Last updated: Sun 2 Apr 2017, 2:23 PM

Lebanon's prime minister warned on Friday that his country has reached "breaking point" by hosting more than one million Syrian refugees and urged investment from the international community.
Saad Hariri's comments came as the United Nations refugee agency UNHCR said more than six million Syrians have fled their country since its devastating war broke out in 2011.
Of those, Lebanon is hosting more than a million Syrians, roughly a quarter of its current population of four million.
"This issue has reached a breaking point for us in Lebanon.. We want the international community to hear us and understand that Lebanon is facing a crisis," Hariri told foreign media in Beirut. He was speaking ahead of an international conference on the post-conflict future of Syria that the European Union and United Nations are to host in Brussels on April 5.
The prime minister said he would appeal at the conference for international investment to improve infrastructure, including schools, roads, the environment and security in Lebanon.
He would propose the international community "commits... 10,000 to 12,000 (US) dollars per refugee (in Lebanon) over five to seven years".

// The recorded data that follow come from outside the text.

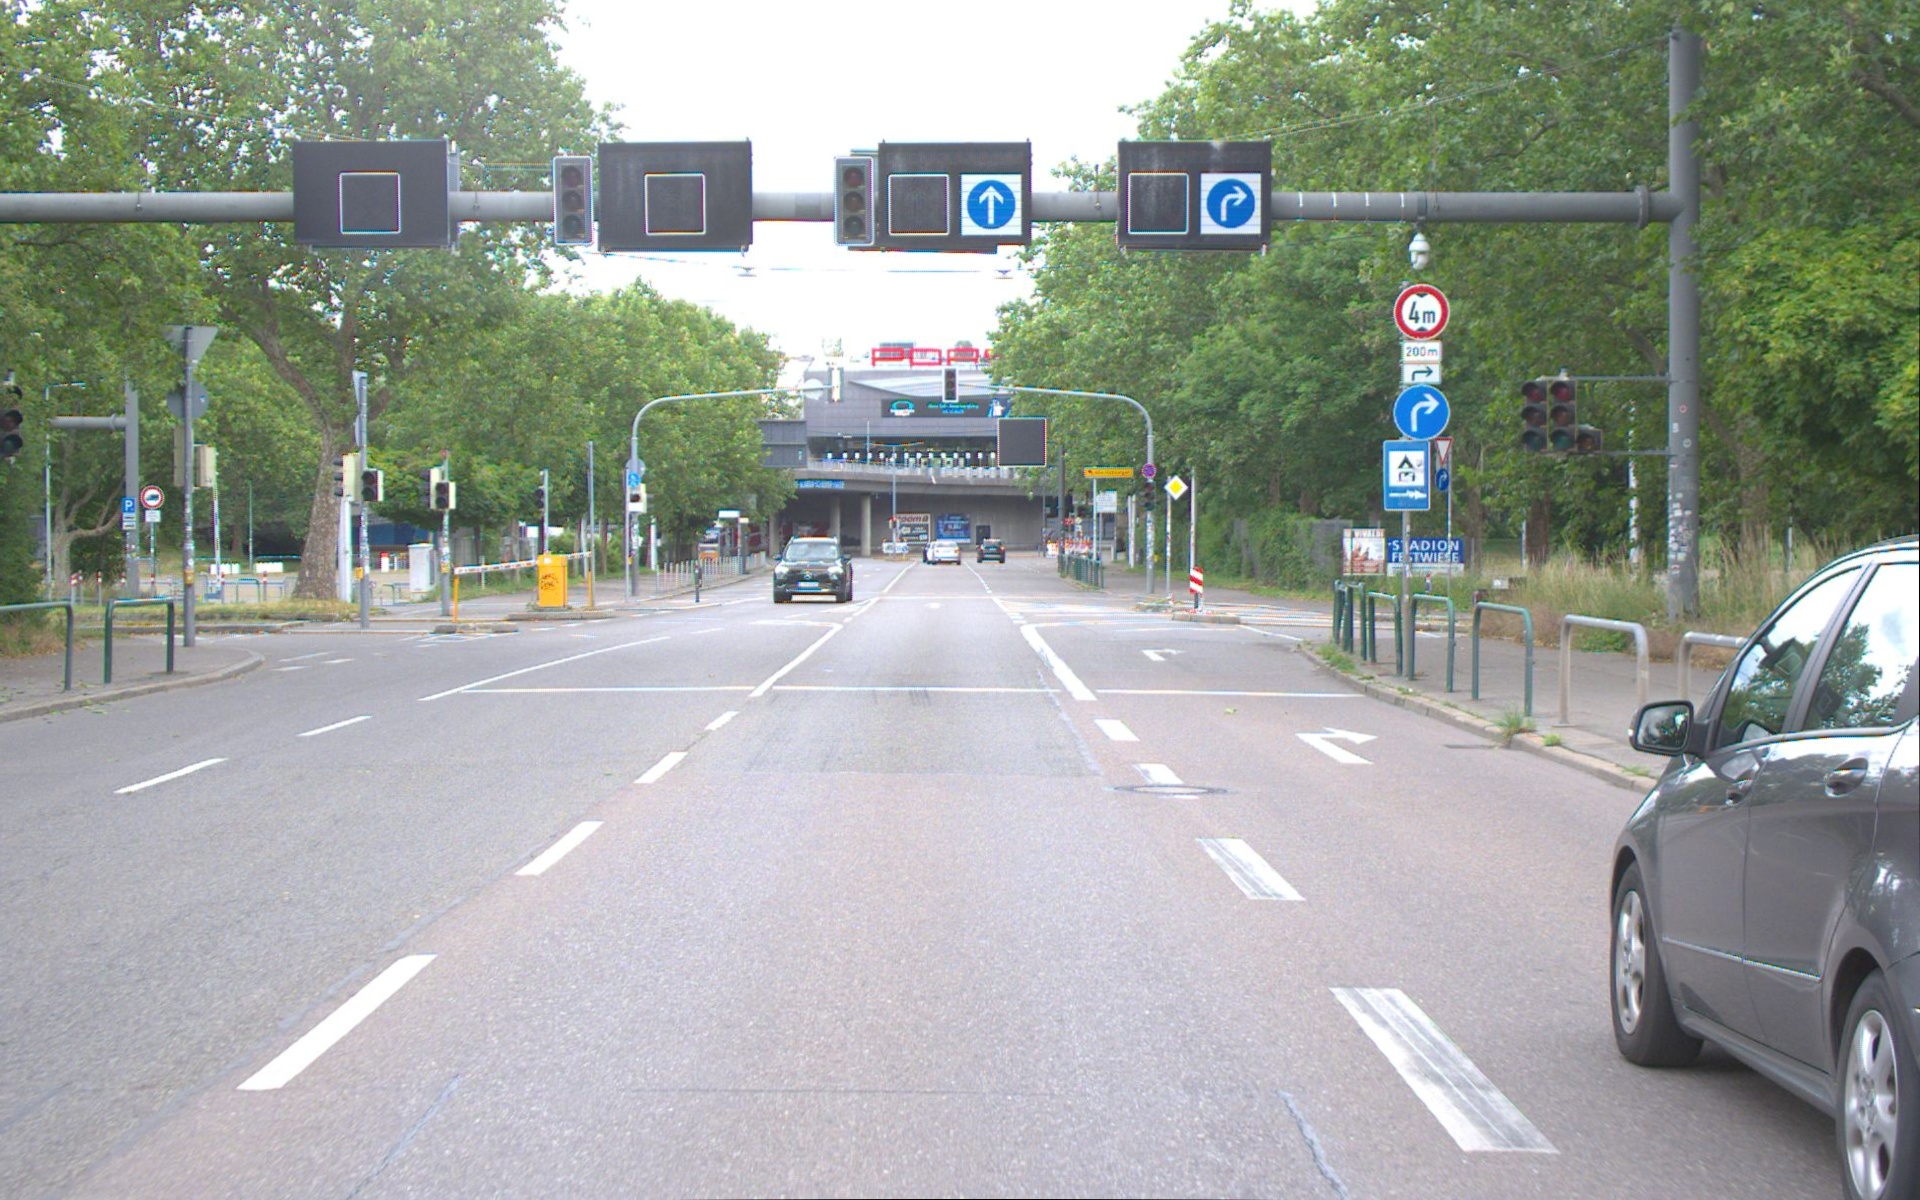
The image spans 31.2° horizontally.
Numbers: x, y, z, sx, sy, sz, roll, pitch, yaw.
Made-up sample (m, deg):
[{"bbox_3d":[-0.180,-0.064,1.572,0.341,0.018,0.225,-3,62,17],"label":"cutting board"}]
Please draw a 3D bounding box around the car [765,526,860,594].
[{"bbox_3d":[-3.756,-1.016,88.332,1.994,1.654,4.516,-1,0,3],"label":"car"}]

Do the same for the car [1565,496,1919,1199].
[{"bbox_3d":[2.807,0.565,8.684,1.826,1.611,4.034,1,1,0],"label":"car"}]

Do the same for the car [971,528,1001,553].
[{"bbox_3d":[1.842,-4.214,242.214,2.007,1.693,4.069,1,0,1],"label":"car"}]

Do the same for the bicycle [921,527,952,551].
[{"bbox_3d":[-1.541,-4.045,227.725,1.993,1.503,4.000,0,1,-1],"label":"bicycle"}]

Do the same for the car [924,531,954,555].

Hariri told reporters he also fears that the refugee crisis could implode on the social level because of "huge tensions" between Lebanese and Syrians in most host communities. "I fear civil unrest," he said.
The influx of Syrian refugees in Lebanon has stretched the country's economic resources, the billionaire premier said.
In the education system, classrooms were overcrowded with the number of students more than doubling in six years to accommodate Syrian pupils. Unlike Palestinian refugees who live in camps managed by the United Nations, Syrian refugees in Lebanon live in informal camps.